Personal information
- Full name: Victonara Salas Galang
- Nickname: Ara, Vic
- Nationality: Filipino
- Born: January 4, 1995 (age 31)
- Hometown: Angeles City, Philippines
- Height: 172 cm (5 ft 7+1⁄2 in)
- Weight: 53 kg (117 lb)
- Spike: 282 cm (111 in)
- Block: 270 cm (106 in)
- College / University: De La Salle University

Volleyball information
- Position: Outside/Open Hitter Opposite Hitter

Career
| Years | Teams |
| 2016–2023 | F2 Logistics Cargo Movers |
| 2024–2025 | Chery Tiggo Crossovers |
| 2026–present | Farm Fresh Foxies |

= Ara Galang =

Filipino volleyball player

Victonara "Ara" Salas Galang (born January 4, 1995) is a Filipina professional volleyball player for the Farm Fresh Foxies of the Premier Volleyball League (PVL).

In college, Galang played for the De La Salle University Lady Spikers of the University Athletic Association of the Philippines. She won Rookie of the Year in Season 74 (2012) and won MVP in Season 75 (2013).

After her collegiate career, Galang joined the F2 Logistics Cargo Movers of the Philippine Super Liga and later the Premier Volleyball League, winning four titles out of nine medal finishes, and also winning MVP in the 2018 Invitational Cup. In 2023, after F2 Logistics disbanded, she moved to the Chery Tiggo Crossovers where she would play until its disbandment in 2025.

==Career==

Galang was discovered by DLSU Lady Spikers head coach, Ramil de Jesus during one of her games at the Shakey's V-League girls division in 2009. She was a junior high school at Angeles University Foundation at that time.

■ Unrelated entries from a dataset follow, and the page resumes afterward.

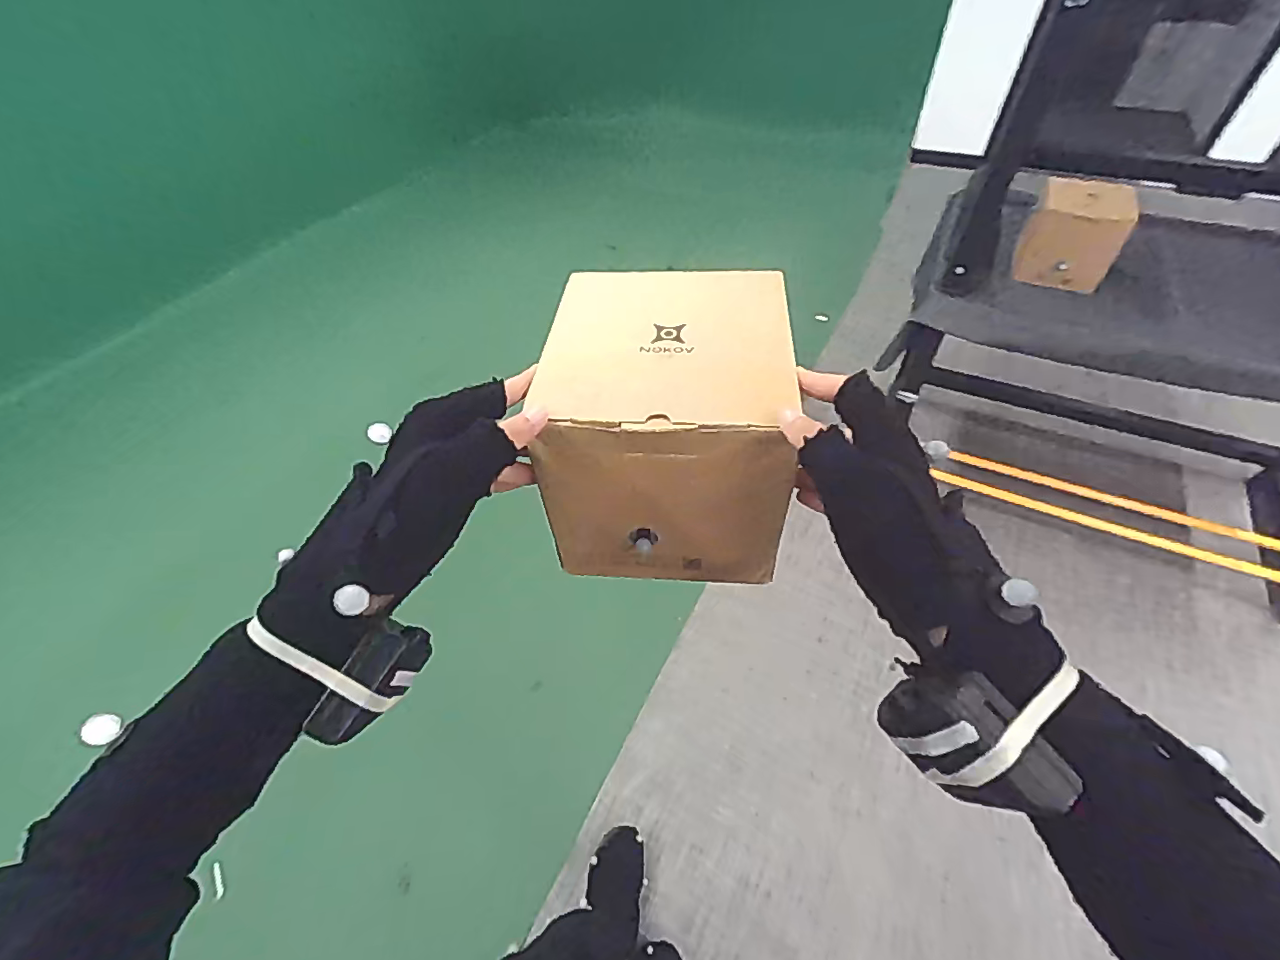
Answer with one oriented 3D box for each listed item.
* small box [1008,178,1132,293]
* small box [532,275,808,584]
[{"bbox_3d":[0.970,-0.558,1.233,0.168,0.176,0.179,19,54,19],"label":"small box"},{"bbox_3d":[0.028,-0.041,0.428,0.168,0.176,0.179,2,49,6],"label":"small box"}]
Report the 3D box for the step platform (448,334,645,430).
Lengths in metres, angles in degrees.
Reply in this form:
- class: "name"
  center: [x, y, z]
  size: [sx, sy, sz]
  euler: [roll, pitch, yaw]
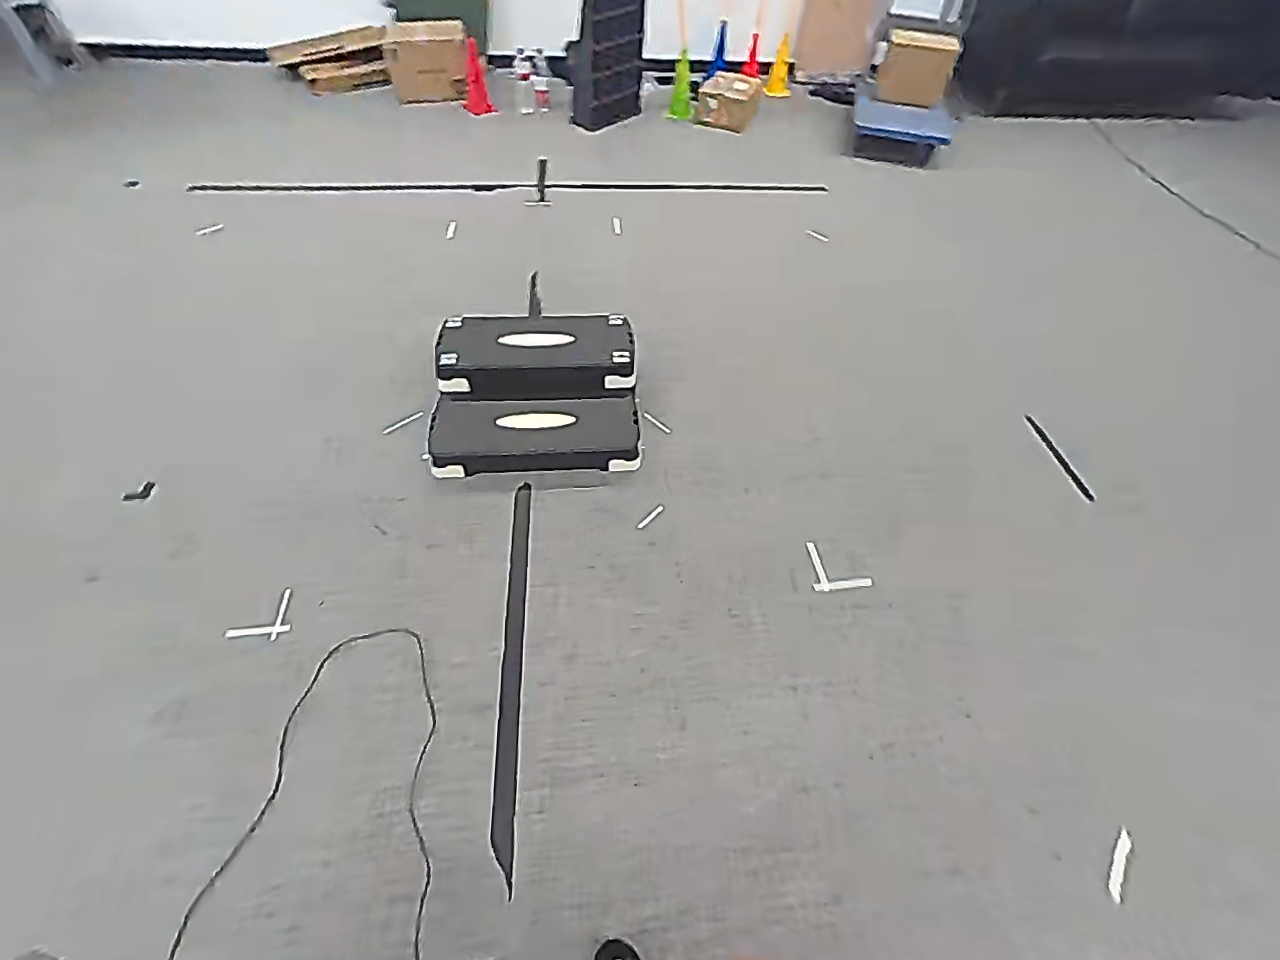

She played with AUF Great Danes from 2007 to 2011, being awarded Best Attacker in 2011 in the Shakey's Girls Volleyball League.

She has been awarded with the Sports Achievement Award and Class Valedictorian while in Holy Family Academy in elementary school, Athlete of the Year and Class Valedictorian in the Angeles University Foundation High School and Consistent Dean's Lister in De La Salle University. She also won the Best Server award playing for Palarong Pambansa in 2011.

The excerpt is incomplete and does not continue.